A couple of NHL draft picks from last June --defenceman Siarhei Kolasau by the Detroit Red Wings and forward Sergei Kukushkin by the Dallas Stars -- also are eligible to return. Kukushkin is skating for Indiana of the United States Hockey League.

Although the final roster had not been set, goalie Dzmitry Milchakou was being tabbed to at least share the netminding duties.

Belarus can have 14 players overall back from last year, but it's not as though that will vault them into anything resembling contention. The best finish for Belarus at the world junior came in 2002 and 2001 when it finished ninth. This year, Belarus has the depth to equal that high and it should get past Germany to do so.

United States

Coach: Scott Sandelin.

The skinny: Before anyone goes and gives Canada the gold medal outright, remember that the U.S., the defending champions, have eight players back from last winter. Included in that group is goalie Al Montoya, who is better than whoever it is that will become the No. 1 puckstopper for Canada. Defenceman Ryan Suter and centre Patrick O'Sullivan will compete in the world junior for the third time. They're three nice pieces to build around, especially since they each represent one of the three positions.

Others with world junior experience include forwards Dan Fritsche (who is hoping his fragile shoulders stay intact), Drew Stafford and Jake Dowell and defencemen Jeff Likens and Matt Hunwick. NHL scouts will monitor the play of forward T.J. Hunsick and defenceman Brian Lee, who are highly ranked prospects for the 2005 NHL draft.

A couple of other newcomers who will draw attention are Rob Schremp, who has been integral for the London Knights this season, and Chris Bourque, the son of Hall of Famer Ray Bourque.

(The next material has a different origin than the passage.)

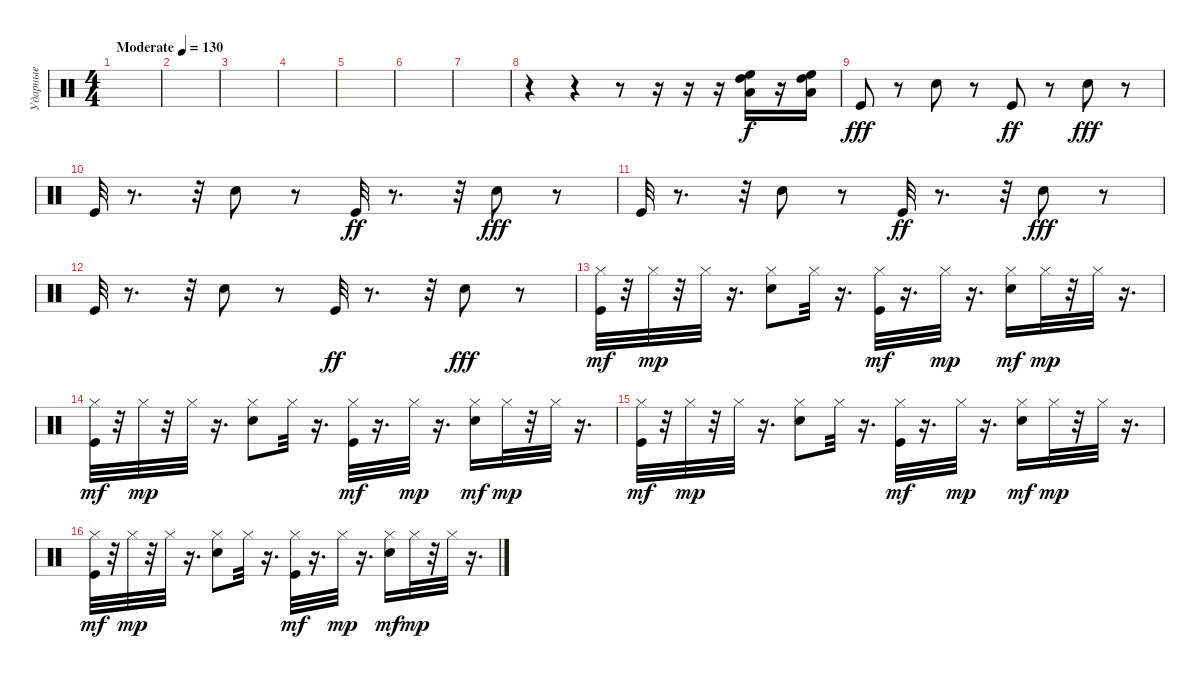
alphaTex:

Despite its depth, the U.S. will be under pressure to demonstrate that last year's gold was not a one-shot deal. Also, it will be interesting to see how the team responds to playing at home, although the crowd support should be a motivating factor. Many world junior observers figure the U.S. will again meet Canada for the gold medal following last year's come-from-behind victory by the Americans in the final.